• **What is expected**
Where a line in the data below includes the word "material", count it. State the total and nothing more.
****************
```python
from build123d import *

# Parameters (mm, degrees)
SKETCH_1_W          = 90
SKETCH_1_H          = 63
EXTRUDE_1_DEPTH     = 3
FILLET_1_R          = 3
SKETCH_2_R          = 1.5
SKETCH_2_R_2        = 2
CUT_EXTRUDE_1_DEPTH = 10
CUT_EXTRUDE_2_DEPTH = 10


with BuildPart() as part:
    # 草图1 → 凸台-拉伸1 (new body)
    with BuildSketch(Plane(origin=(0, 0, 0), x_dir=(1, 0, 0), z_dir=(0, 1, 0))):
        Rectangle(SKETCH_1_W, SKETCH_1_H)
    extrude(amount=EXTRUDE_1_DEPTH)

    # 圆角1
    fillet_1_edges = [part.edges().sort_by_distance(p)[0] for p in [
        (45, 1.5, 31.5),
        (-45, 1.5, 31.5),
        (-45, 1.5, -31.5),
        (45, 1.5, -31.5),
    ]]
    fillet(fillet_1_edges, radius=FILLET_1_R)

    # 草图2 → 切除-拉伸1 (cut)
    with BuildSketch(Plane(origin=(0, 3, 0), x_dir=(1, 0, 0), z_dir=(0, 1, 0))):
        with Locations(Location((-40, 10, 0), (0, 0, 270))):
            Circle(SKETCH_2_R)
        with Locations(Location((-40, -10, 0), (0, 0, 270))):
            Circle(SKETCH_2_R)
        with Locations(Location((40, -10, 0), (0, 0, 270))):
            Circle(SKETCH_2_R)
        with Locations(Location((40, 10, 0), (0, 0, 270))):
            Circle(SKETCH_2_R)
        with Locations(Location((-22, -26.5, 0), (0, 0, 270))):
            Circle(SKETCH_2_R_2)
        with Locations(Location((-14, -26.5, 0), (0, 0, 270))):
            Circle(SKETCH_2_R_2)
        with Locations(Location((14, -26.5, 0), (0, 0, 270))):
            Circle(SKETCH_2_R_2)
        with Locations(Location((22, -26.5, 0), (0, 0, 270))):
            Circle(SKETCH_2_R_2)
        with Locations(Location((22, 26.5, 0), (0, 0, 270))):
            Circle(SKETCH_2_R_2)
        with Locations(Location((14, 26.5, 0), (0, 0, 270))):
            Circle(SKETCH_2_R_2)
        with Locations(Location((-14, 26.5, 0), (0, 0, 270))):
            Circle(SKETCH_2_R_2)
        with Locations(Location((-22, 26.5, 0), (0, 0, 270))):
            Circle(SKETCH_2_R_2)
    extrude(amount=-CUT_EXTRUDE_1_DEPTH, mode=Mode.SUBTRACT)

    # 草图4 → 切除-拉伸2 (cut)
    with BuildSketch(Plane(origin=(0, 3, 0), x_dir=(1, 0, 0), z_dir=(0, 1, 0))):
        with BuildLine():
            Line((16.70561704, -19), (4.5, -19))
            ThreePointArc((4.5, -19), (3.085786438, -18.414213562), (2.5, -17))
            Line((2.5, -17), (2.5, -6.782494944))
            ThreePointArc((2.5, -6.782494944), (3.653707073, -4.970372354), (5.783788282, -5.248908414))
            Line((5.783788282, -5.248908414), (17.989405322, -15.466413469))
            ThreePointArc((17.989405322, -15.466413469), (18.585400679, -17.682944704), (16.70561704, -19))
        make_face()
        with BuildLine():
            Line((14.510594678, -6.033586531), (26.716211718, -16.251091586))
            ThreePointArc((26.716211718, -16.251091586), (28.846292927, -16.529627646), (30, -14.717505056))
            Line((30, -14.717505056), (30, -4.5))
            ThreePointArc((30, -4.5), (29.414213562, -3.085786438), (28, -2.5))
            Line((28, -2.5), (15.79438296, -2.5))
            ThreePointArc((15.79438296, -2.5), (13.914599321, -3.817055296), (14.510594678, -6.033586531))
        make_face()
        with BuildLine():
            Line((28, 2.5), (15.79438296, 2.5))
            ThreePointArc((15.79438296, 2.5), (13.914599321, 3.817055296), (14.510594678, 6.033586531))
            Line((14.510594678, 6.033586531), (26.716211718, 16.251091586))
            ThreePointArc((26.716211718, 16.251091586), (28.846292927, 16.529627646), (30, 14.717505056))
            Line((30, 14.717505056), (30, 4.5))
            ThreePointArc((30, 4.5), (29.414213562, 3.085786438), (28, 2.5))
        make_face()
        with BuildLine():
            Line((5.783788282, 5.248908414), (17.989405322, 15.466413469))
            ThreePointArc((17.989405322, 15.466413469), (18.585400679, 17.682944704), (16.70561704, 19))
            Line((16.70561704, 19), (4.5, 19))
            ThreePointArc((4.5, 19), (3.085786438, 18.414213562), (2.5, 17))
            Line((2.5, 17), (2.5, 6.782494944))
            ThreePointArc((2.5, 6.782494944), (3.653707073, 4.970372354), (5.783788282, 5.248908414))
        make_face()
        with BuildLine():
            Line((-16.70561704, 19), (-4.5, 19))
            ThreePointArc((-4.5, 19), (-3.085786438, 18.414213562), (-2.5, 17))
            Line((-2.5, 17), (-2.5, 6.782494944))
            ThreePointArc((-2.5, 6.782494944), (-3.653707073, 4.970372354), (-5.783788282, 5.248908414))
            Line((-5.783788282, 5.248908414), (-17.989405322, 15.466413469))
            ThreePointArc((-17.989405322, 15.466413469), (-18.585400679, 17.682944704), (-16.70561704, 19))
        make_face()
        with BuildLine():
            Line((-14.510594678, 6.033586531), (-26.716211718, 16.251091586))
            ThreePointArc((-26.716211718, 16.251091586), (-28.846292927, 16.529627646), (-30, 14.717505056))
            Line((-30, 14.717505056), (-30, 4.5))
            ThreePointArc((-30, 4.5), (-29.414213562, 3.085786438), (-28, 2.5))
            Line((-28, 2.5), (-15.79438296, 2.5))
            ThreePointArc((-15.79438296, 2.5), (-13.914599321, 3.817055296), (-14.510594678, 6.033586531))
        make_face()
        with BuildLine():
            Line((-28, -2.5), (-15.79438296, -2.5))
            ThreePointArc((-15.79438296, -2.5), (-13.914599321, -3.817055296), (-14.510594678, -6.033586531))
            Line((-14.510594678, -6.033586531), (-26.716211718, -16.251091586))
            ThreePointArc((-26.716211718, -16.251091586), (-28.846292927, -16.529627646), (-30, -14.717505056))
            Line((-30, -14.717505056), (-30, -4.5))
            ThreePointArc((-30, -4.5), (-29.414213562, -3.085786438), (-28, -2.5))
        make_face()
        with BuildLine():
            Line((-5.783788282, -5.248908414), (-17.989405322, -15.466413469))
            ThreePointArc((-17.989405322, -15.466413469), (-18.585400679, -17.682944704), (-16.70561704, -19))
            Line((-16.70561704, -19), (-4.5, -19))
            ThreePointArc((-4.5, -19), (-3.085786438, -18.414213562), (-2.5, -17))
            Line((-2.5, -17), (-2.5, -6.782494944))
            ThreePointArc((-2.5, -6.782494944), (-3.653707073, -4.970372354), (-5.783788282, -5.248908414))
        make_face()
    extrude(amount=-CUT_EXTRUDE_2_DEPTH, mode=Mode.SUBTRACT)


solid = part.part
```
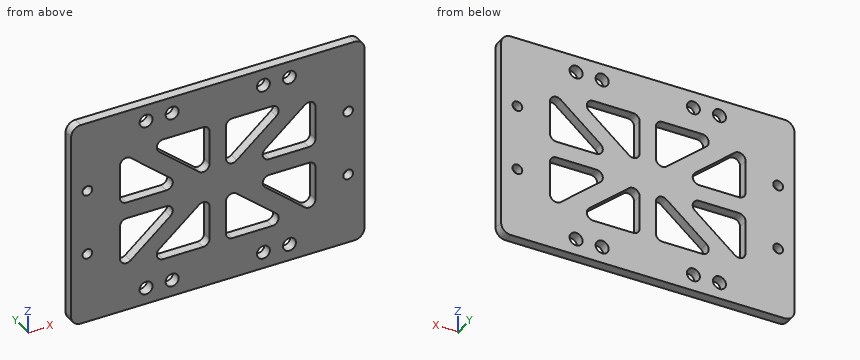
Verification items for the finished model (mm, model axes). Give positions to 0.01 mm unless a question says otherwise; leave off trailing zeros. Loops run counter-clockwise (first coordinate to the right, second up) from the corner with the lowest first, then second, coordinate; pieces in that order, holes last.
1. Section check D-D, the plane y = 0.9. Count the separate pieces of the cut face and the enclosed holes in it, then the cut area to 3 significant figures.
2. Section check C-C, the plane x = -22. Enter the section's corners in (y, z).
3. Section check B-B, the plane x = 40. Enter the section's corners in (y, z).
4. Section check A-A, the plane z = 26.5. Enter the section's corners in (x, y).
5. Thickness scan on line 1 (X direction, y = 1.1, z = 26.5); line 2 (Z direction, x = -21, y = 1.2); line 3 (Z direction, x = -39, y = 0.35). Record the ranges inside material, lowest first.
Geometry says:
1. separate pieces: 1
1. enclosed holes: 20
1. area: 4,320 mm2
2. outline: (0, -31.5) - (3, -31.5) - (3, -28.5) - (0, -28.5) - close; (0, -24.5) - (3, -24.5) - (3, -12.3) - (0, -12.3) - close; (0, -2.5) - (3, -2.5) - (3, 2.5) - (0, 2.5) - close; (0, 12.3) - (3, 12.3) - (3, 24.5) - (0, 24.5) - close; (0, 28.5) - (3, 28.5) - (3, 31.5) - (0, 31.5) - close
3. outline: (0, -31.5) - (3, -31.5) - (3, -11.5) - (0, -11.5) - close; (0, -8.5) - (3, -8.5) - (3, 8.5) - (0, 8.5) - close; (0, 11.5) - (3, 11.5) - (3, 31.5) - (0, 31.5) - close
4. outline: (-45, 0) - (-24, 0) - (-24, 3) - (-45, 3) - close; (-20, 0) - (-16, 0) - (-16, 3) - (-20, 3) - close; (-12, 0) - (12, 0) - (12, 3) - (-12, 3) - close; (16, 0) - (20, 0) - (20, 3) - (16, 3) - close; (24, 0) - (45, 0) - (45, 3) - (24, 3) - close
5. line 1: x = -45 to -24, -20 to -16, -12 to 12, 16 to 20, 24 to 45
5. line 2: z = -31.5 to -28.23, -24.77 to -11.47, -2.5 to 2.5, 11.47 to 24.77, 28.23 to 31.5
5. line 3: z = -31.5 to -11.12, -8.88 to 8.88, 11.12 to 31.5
****************
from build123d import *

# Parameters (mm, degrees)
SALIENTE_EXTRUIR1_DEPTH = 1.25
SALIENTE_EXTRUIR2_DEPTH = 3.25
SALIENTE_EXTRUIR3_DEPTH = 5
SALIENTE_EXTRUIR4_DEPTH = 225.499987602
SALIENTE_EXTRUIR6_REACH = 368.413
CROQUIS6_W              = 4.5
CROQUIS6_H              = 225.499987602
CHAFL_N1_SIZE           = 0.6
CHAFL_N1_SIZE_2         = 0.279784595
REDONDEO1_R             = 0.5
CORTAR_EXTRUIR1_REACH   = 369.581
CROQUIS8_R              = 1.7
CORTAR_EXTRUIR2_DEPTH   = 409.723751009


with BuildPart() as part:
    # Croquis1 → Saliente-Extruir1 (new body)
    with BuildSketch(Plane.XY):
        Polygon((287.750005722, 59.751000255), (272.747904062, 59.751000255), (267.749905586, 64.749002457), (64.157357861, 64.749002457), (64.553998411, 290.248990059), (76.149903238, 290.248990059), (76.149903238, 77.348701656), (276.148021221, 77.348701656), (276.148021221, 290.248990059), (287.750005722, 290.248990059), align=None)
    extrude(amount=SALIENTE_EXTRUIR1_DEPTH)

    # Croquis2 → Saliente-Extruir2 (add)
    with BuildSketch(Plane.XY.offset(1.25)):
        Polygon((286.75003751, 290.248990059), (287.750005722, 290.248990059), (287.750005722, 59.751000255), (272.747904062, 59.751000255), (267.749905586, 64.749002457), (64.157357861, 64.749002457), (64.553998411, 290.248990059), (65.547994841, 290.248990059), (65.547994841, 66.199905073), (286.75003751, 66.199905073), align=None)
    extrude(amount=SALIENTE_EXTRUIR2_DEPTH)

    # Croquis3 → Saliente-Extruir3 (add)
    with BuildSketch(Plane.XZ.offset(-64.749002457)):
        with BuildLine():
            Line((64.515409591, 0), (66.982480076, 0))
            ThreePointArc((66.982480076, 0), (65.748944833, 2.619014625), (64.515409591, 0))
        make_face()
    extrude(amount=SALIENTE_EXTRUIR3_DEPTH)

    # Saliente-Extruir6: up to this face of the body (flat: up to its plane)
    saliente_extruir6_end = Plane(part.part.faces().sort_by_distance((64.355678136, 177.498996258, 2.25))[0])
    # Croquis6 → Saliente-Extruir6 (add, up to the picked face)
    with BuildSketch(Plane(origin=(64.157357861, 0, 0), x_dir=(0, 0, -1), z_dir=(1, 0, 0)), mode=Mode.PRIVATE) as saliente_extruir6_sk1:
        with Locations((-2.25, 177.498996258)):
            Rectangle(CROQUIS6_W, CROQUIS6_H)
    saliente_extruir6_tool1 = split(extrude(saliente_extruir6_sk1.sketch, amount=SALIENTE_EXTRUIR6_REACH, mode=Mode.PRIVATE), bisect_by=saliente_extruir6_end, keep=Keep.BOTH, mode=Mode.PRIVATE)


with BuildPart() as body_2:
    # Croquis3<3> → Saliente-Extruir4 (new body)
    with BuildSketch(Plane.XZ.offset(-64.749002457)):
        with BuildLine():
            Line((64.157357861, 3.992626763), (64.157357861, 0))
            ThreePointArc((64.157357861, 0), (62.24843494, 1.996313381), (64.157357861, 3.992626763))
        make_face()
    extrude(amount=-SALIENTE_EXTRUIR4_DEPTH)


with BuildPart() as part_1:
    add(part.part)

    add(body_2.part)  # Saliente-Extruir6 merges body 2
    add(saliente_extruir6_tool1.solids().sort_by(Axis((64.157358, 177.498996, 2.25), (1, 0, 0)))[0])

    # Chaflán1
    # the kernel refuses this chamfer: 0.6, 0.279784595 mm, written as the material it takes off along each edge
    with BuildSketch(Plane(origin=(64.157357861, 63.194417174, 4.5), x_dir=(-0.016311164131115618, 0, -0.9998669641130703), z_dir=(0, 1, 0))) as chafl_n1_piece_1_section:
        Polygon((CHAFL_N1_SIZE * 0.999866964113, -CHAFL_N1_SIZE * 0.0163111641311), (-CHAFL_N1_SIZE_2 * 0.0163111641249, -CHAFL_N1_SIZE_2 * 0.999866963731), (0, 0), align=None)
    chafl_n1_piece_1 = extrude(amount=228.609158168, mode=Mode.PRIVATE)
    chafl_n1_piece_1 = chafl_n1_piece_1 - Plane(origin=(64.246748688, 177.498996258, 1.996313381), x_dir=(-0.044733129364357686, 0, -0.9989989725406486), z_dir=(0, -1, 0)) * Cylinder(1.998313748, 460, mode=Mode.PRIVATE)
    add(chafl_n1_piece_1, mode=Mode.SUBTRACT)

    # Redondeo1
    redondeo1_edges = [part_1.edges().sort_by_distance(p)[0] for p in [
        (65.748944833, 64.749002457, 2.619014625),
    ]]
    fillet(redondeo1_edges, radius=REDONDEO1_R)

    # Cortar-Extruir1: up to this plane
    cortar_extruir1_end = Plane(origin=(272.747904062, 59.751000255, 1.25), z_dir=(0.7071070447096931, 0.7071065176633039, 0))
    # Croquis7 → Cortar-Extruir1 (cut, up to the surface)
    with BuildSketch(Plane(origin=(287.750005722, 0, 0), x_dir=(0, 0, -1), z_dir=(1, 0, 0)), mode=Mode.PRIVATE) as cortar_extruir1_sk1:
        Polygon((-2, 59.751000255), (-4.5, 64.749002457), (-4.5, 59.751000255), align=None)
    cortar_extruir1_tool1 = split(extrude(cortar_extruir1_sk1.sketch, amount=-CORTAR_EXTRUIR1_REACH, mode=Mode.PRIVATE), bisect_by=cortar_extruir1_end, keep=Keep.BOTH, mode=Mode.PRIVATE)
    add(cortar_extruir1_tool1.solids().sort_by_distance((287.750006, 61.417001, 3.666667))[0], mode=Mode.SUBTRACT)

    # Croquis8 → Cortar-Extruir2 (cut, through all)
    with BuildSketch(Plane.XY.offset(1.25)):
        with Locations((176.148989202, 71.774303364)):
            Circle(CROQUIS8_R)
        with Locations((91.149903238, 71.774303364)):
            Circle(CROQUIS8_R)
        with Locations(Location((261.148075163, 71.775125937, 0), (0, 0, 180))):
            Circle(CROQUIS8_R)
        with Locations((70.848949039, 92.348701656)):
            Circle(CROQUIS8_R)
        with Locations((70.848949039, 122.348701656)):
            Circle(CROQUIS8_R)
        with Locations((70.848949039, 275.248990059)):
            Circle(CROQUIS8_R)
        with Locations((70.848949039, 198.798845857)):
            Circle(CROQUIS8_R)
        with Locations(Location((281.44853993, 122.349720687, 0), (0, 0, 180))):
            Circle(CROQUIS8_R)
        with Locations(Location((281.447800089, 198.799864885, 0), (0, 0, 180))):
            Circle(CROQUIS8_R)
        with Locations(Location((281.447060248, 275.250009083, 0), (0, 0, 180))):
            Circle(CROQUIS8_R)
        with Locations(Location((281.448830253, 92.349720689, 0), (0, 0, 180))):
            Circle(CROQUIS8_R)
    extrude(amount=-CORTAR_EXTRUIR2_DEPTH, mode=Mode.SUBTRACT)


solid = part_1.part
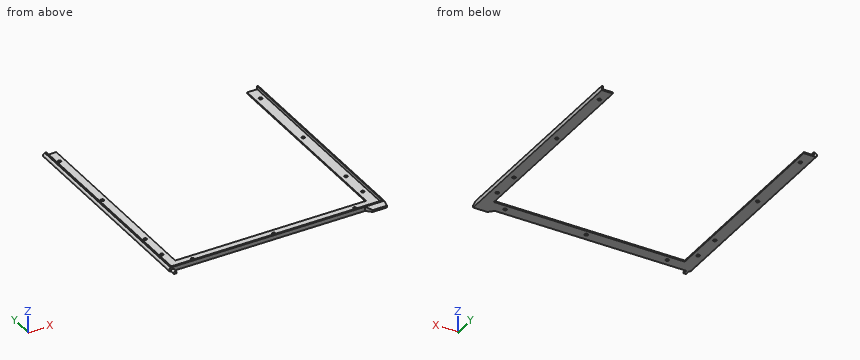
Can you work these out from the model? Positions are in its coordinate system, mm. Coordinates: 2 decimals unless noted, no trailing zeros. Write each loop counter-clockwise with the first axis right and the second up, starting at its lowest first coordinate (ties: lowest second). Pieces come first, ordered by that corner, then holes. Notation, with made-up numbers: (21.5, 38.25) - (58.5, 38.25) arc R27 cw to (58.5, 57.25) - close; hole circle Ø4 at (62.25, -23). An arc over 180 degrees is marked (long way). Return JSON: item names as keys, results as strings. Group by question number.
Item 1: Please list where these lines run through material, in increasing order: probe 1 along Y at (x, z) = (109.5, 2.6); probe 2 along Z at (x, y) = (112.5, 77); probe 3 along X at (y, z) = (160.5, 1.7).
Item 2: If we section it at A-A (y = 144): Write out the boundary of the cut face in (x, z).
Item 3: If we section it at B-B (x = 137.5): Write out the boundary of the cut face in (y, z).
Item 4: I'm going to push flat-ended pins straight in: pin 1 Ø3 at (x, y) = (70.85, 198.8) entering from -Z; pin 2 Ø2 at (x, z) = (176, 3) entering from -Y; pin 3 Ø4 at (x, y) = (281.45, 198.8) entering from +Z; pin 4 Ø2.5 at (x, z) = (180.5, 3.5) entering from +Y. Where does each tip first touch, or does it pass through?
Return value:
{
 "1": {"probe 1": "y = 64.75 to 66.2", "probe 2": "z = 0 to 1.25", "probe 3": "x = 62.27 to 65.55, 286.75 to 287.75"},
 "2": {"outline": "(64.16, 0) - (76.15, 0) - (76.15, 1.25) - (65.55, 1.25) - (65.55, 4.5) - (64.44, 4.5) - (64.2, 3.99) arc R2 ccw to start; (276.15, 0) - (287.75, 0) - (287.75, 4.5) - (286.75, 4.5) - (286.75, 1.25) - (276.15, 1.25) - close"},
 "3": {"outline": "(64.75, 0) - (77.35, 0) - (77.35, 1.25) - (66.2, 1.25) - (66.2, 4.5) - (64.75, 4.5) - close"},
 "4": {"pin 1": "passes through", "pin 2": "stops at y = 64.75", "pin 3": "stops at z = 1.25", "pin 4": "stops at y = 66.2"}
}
****************
• **Answer to the problem**
3